YOUR INSTRUCTIONS
Return the records below exactly; pictures stay out.

DATA
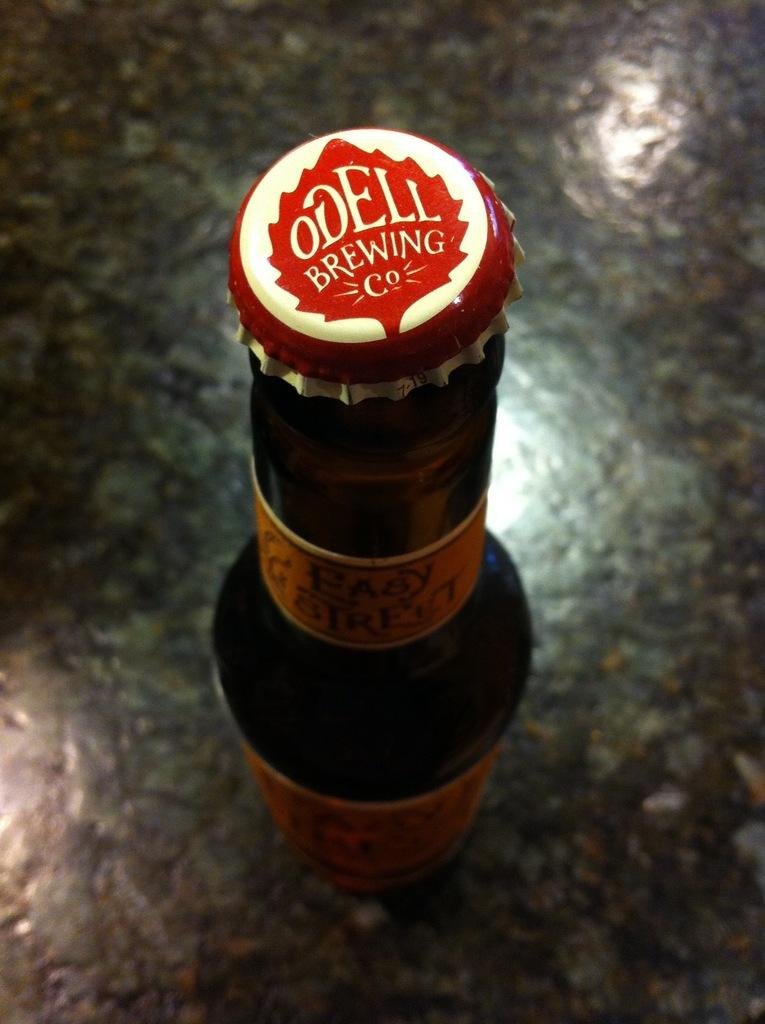<image>
Present a compact description of the photo's key features. Bottle of beer with a red cap that says "Odell Brewing Co". 
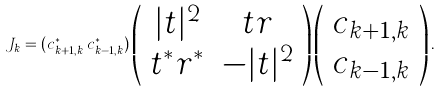<formula> <loc_0><loc_0><loc_500><loc_500>J _ { k } = ( c ^ { \ast } _ { k + 1 , k } \, c ^ { \ast } _ { k - 1 , k } ) \left ( \begin{array} { c c } | t | ^ { 2 } & t r \\ t ^ { \ast } r ^ { \ast } & - | t | ^ { 2 } \end{array} \right ) \left ( \begin{array} { c } c _ { k + 1 , k } \\ c _ { k - 1 , k } \end{array} \right ) .</formula> 
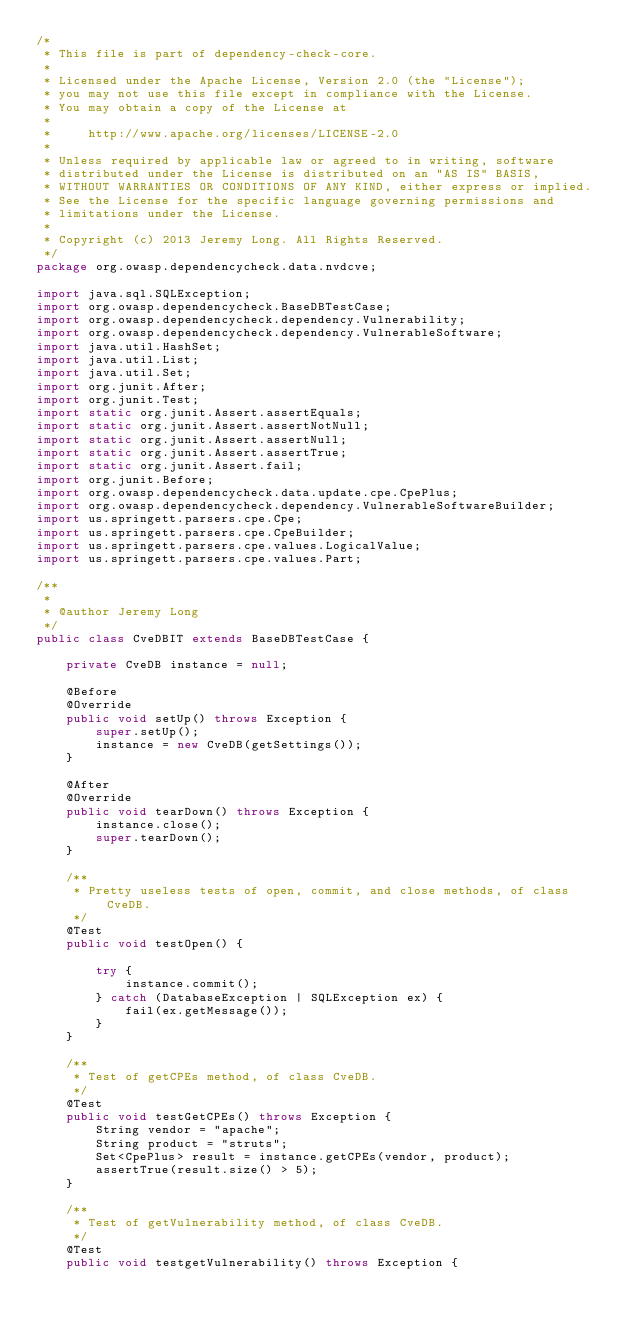<code> <loc_0><loc_0><loc_500><loc_500><_Java_>/*
 * This file is part of dependency-check-core.
 *
 * Licensed under the Apache License, Version 2.0 (the "License");
 * you may not use this file except in compliance with the License.
 * You may obtain a copy of the License at
 *
 *     http://www.apache.org/licenses/LICENSE-2.0
 *
 * Unless required by applicable law or agreed to in writing, software
 * distributed under the License is distributed on an "AS IS" BASIS,
 * WITHOUT WARRANTIES OR CONDITIONS OF ANY KIND, either express or implied.
 * See the License for the specific language governing permissions and
 * limitations under the License.
 *
 * Copyright (c) 2013 Jeremy Long. All Rights Reserved.
 */
package org.owasp.dependencycheck.data.nvdcve;

import java.sql.SQLException;
import org.owasp.dependencycheck.BaseDBTestCase;
import org.owasp.dependencycheck.dependency.Vulnerability;
import org.owasp.dependencycheck.dependency.VulnerableSoftware;
import java.util.HashSet;
import java.util.List;
import java.util.Set;
import org.junit.After;
import org.junit.Test;
import static org.junit.Assert.assertEquals;
import static org.junit.Assert.assertNotNull;
import static org.junit.Assert.assertNull;
import static org.junit.Assert.assertTrue;
import static org.junit.Assert.fail;
import org.junit.Before;
import org.owasp.dependencycheck.data.update.cpe.CpePlus;
import org.owasp.dependencycheck.dependency.VulnerableSoftwareBuilder;
import us.springett.parsers.cpe.Cpe;
import us.springett.parsers.cpe.CpeBuilder;
import us.springett.parsers.cpe.values.LogicalValue;
import us.springett.parsers.cpe.values.Part;

/**
 *
 * @author Jeremy Long
 */
public class CveDBIT extends BaseDBTestCase {

    private CveDB instance = null;

    @Before
    @Override
    public void setUp() throws Exception {
        super.setUp();
        instance = new CveDB(getSettings());
    }

    @After
    @Override
    public void tearDown() throws Exception {
        instance.close();
        super.tearDown();
    }

    /**
     * Pretty useless tests of open, commit, and close methods, of class CveDB.
     */
    @Test
    public void testOpen() {

        try {
            instance.commit();
        } catch (DatabaseException | SQLException ex) {
            fail(ex.getMessage());
        }
    }

    /**
     * Test of getCPEs method, of class CveDB.
     */
    @Test
    public void testGetCPEs() throws Exception {
        String vendor = "apache";
        String product = "struts";
        Set<CpePlus> result = instance.getCPEs(vendor, product);
        assertTrue(result.size() > 5);
    }

    /**
     * Test of getVulnerability method, of class CveDB.
     */
    @Test
    public void testgetVulnerability() throws Exception {</code>

EXERCISE ANSWER
<image>
Present a compact description of the photo's key features. Bottle of beer with a red cap that says "Odell Brewing Co". 
<formula> <loc_0><loc_0><loc_500><loc_500>J _ { k } = ( c ^ { \ast } _ { k + 1 , k } \, c ^ { \ast } _ { k - 1 , k } ) \left ( \begin{array} { c c } | t | ^ { 2 } & t r \\ t ^ { \ast } r ^ { \ast } & - | t | ^ { 2 } \end{array} \right ) \left ( \begin{array} { c } c _ { k + 1 , k } \\ c _ { k - 1 , k } \end{array} \right ) .</formula> 
<code> <loc_0><loc_0><loc_500><loc_500><_Java_>/*
 * This file is part of dependency-check-core.
 *
 * Licensed under the Apache License, Version 2.0 (the "License");
 * you may not use this file except in compliance with the License.
 * You may obtain a copy of the License at
 *
 *     http://www.apache.org/licenses/LICENSE-2.0
 *
 * Unless required by applicable law or agreed to in writing, software
 * distributed under the License is distributed on an "AS IS" BASIS,
 * WITHOUT WARRANTIES OR CONDITIONS OF ANY KIND, either express or implied.
 * See the License for the specific language governing permissions and
 * limitations under the License.
 *
 * Copyright (c) 2013 Jeremy Long. All Rights Reserved.
 */
package org.owasp.dependencycheck.data.nvdcve;

import java.sql.SQLException;
import org.owasp.dependencycheck.BaseDBTestCase;
import org.owasp.dependencycheck.dependency.Vulnerability;
import org.owasp.dependencycheck.dependency.VulnerableSoftware;
import java.util.HashSet;
import java.util.List;
import java.util.Set;
import org.junit.After;
import org.junit.Test;
import static org.junit.Assert.assertEquals;
import static org.junit.Assert.assertNotNull;
import static org.junit.Assert.assertNull;
import static org.junit.Assert.assertTrue;
import static org.junit.Assert.fail;
import org.junit.Before;
import org.owasp.dependencycheck.data.update.cpe.CpePlus;
import org.owasp.dependencycheck.dependency.VulnerableSoftwareBuilder;
import us.springett.parsers.cpe.Cpe;
import us.springett.parsers.cpe.CpeBuilder;
import us.springett.parsers.cpe.values.LogicalValue;
import us.springett.parsers.cpe.values.Part;

/**
 *
 * @author Jeremy Long
 */
public class CveDBIT extends BaseDBTestCase {

    private CveDB instance = null;

    @Before
    @Override
    public void setUp() throws Exception {
        super.setUp();
        instance = new CveDB(getSettings());
    }

    @After
    @Override
    public void tearDown() throws Exception {
        instance.close();
        super.tearDown();
    }

    /**
     * Pretty useless tests of open, commit, and close methods, of class CveDB.
     */
    @Test
    public void testOpen() {

        try {
            instance.commit();
        } catch (DatabaseException | SQLException ex) {
            fail(ex.getMessage());
        }
    }

    /**
     * Test of getCPEs method, of class CveDB.
     */
    @Test
    public void testGetCPEs() throws Exception {
        String vendor = "apache";
        String product = "struts";
        Set<CpePlus> result = instance.getCPEs(vendor, product);
        assertTrue(result.size() > 5);
    }

    /**
     * Test of getVulnerability method, of class CveDB.
     */
    @Test
    public void testgetVulnerability() throws Exception {</code>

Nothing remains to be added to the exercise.